Хроники адского офиса. Эпизод 10

Арсений Татаринов
В котором Соломон снова учит меня жизни на том свете...


- Запомни, Вова, - сказал Соломон, - самый страшный наш враг - беспросветная тоска. От неё невозможно избавиться окончательно. Тоска эта замешана на сожалении о том, что свои человеческие дни и ночи, самый драгоценный дар, ты слузгал точно жмень жареных семечек. Всё, что осталось, - шелуха и плевки. И теперь ты обречён целую вечность прозябать в оболочке, которая тебя не прикалывает.

- Наверное, это в наказание, - озвучил я свою догадку. - Мне нередко доводилось убивать мух, ты шпарил кипятком тараканов, вот мы и получили.
- Может, и так. Но знаешь, скольких прусаков я тут перевидал? Тысячи. А людей, которые их убивали - сотни. Но я оказался единственным, кто после смерти осуждён на этот ад. Кстати - до тебя ни одна из конторских мух не являлась прежде человеком.

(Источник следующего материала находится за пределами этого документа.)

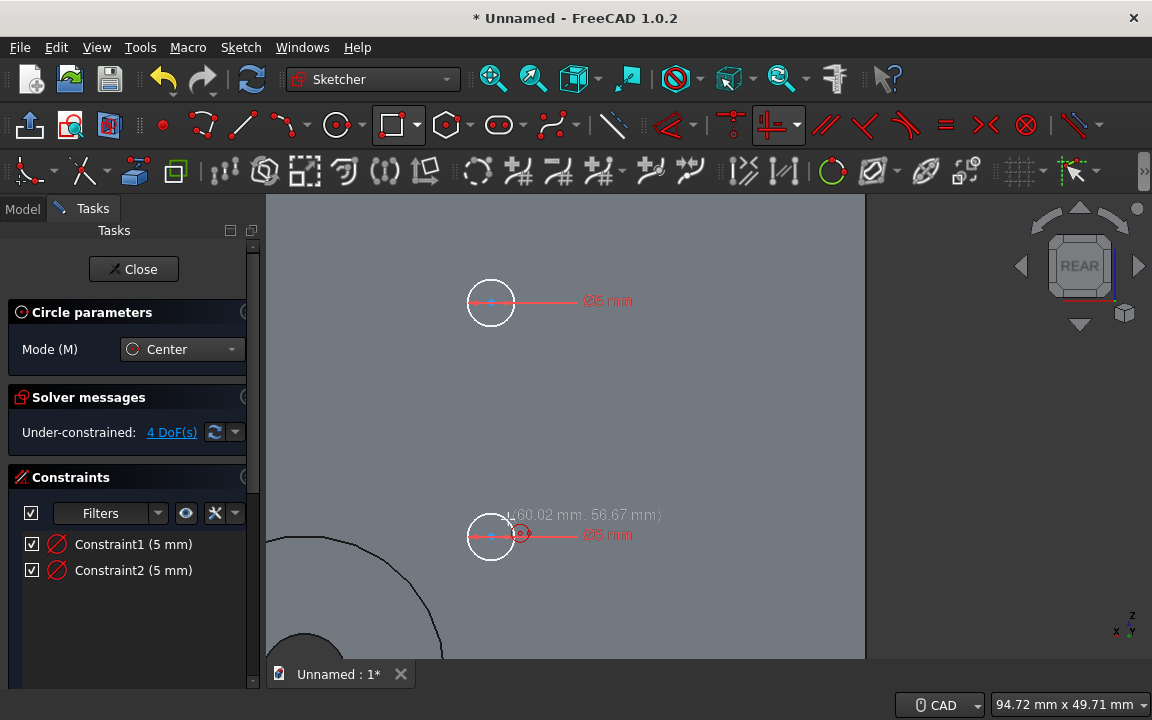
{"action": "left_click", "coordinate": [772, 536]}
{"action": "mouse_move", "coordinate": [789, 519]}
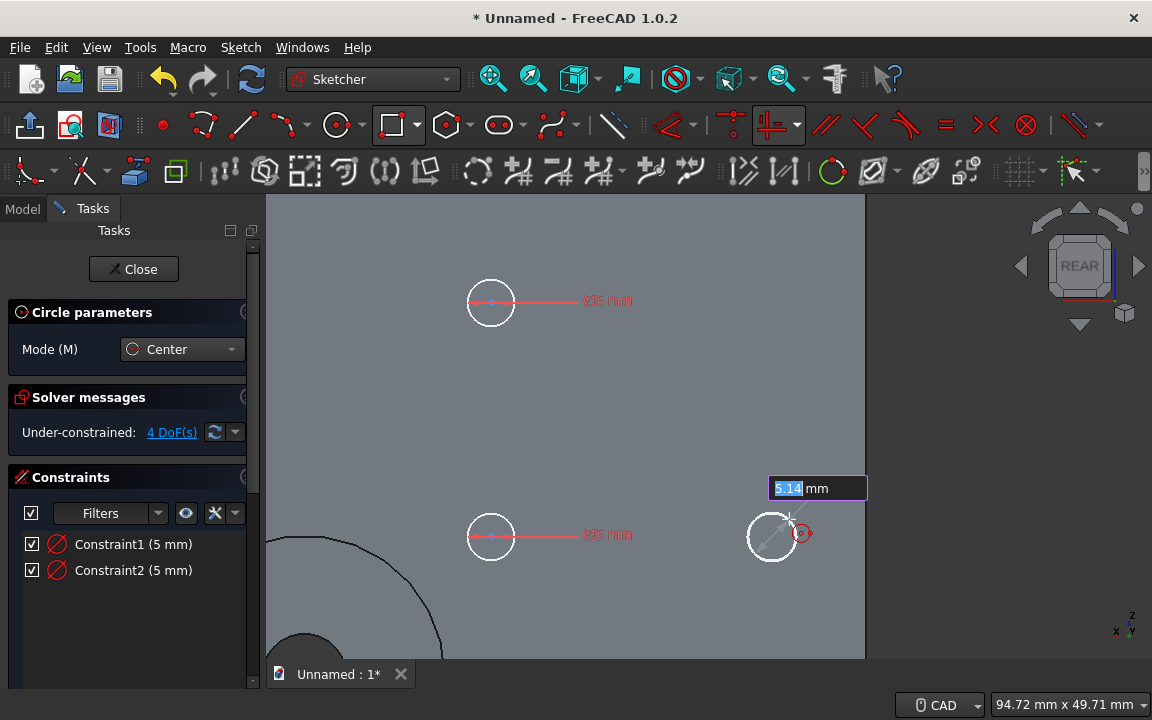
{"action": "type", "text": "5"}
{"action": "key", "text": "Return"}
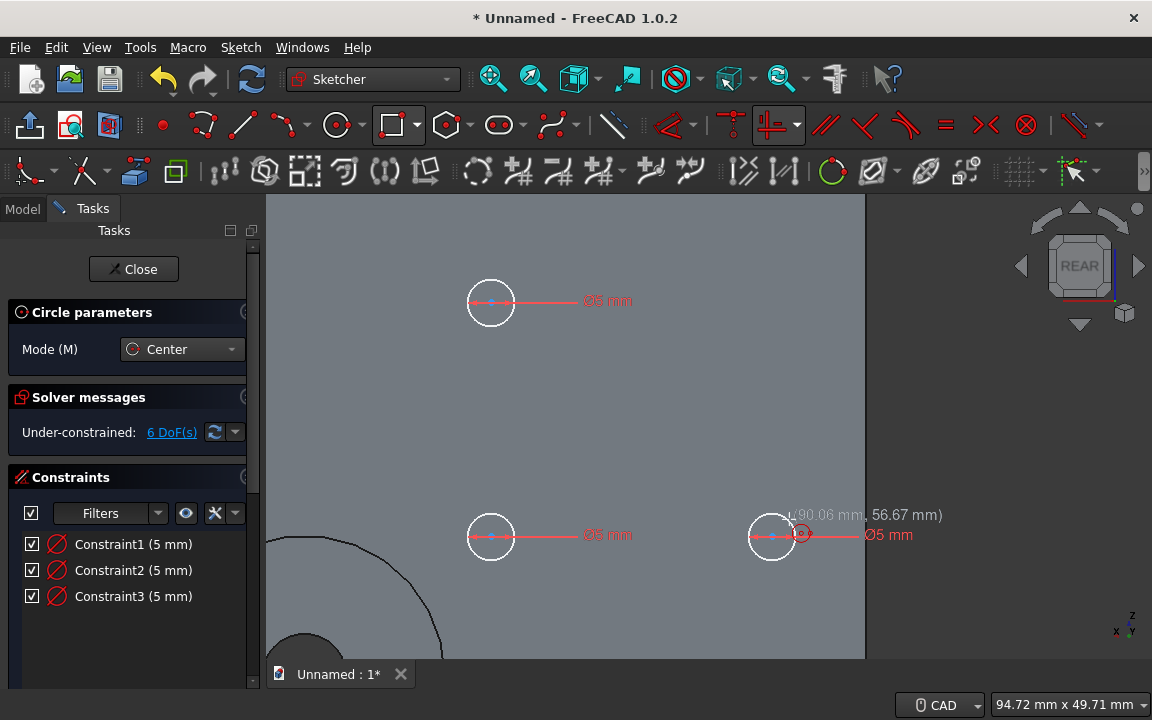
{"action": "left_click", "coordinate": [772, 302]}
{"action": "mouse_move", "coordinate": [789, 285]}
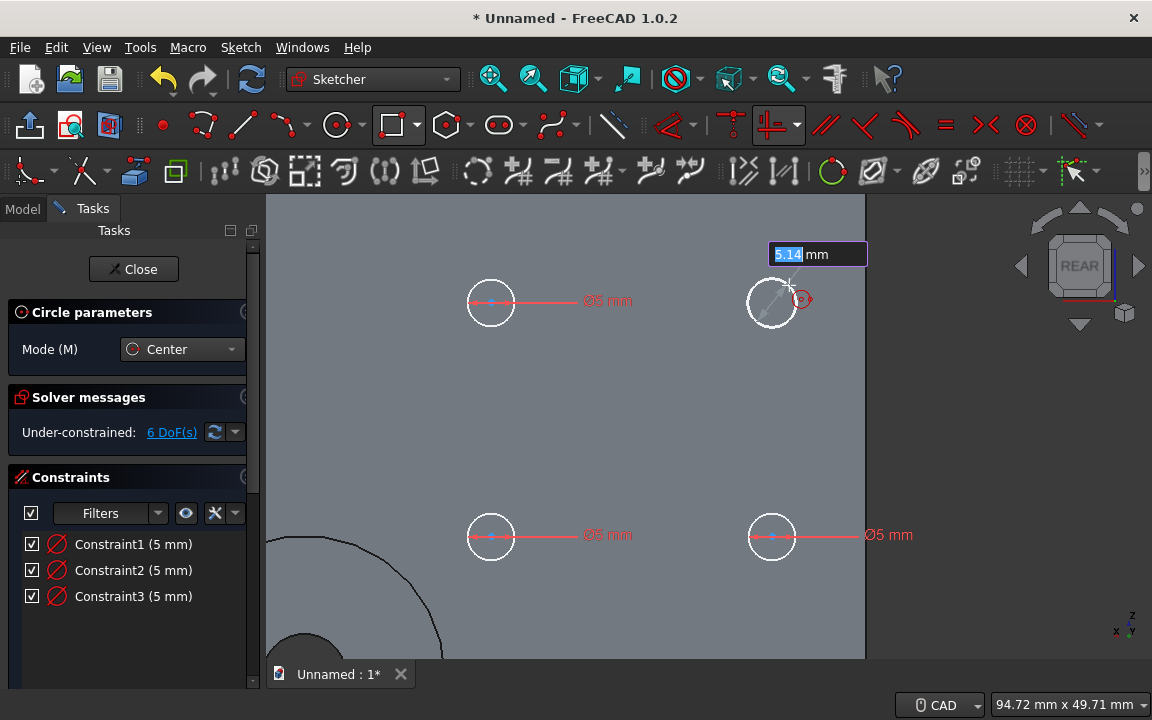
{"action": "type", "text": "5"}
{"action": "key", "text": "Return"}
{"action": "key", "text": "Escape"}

- И что ты делаешь со своей тоской?
- Пытаюсь таки развлекаться. И таю надежду, что однажды отмотаю свой срок и стану, например, облаком - поплыву по небу в южные края, где плодоносят оливы. Напитаюсь влагой, окроплю дождём сухие камни. Но пока я вынужден бегать и ползать. Ты заметил, что в Москве почти не осталось тараканов?
- Я сам - здесь только второй год и тоже, как видишь, не прижился.
- Скажу тебе, Вова, горькую правду - тараканы вымирают, как вид. Плохая экология, электромагнитные излучения, пища, отравленная ГМО, вредные строительные материалы... Все эти гадости откровенно разрушают нашу психику и физиологию, угнетают репродуктивную функцию. А раньше здесь водилась туча самок, которые жаждали заполучить меня в любовники. Сегодня в это трудно поверить, но я был популярен, как Элвис Пресли.
После этого признания Соломон неожиданно запел - очень даже неплохо:
- «Only you Can make all this change in me For it's true You are my destiny...»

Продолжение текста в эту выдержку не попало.